Wednesday, June 22, 2011

E-fundamentalism

If my grandparents' prayers were ever to be answered and I married a man it would definitely be a Fundamentalist Mormon!  The more wives the better!

Firstly, the more wives there are the less nights a week I have to lie about my headache. Secondly, a polygamist's wives are bound to be far better wives than I have ever been. I will never again have to dry myself with a tea towel because there are no clean towels left!

Mostly though, I just love Big Love. That and it would show my grandparents that they need to be more specific when they pray!

So, what does this have to do with anything? Only another reason I love
e-books so much: the ability to download cult/religious fanatic material without the risks involved in obtaining them in person. I know myself well enough by now, I ring to cancel a monthly charity sponsorship and hang up donating twice as much a month in addition to committing to selling books of super prize raffle tickets. If I were to get these books in person I would acquire them for the bargain price of the deed to our house and the pledge of a millennium of service. 
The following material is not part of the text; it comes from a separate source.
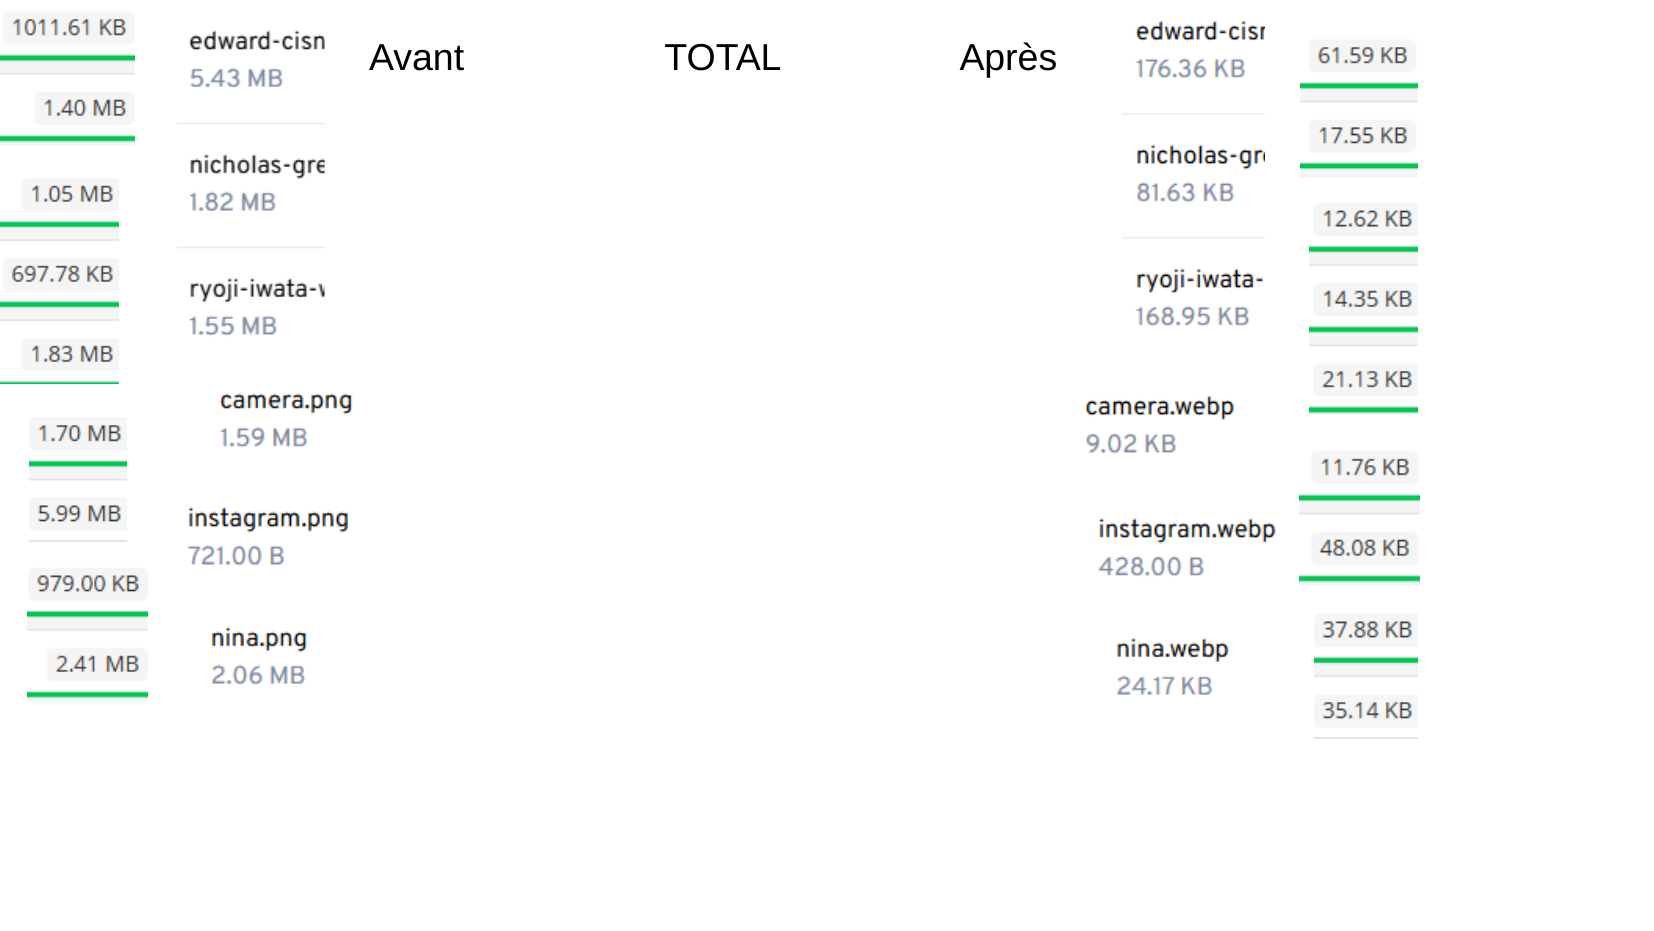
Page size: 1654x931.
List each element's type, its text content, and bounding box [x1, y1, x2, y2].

To the great fear of my family I have worked a block away from a Scientology Centre for a few years. The image of my mother's stern look of disapproval triggered every time I walk past has stopped me from going in to buy a copy of Dianetics.  Thank you e-books!

Sadly though, the first chapter is not 'Does Jumping on Oprah's Couch Like a Tool Mean You're Mentally Ill'. Despite the long wait to get my hands on this book, by page five I was bored. Turns out I'm not going to be a Scientologist. Disappointing.

I might try harder to read it on the weekend. That is, after I read my e-copy of the Book of Mormon and explore my calling to plural marriage.

In the meantime, I am going to find some paper towel to dry a coffee cup because all my tea towels are in the bathroom.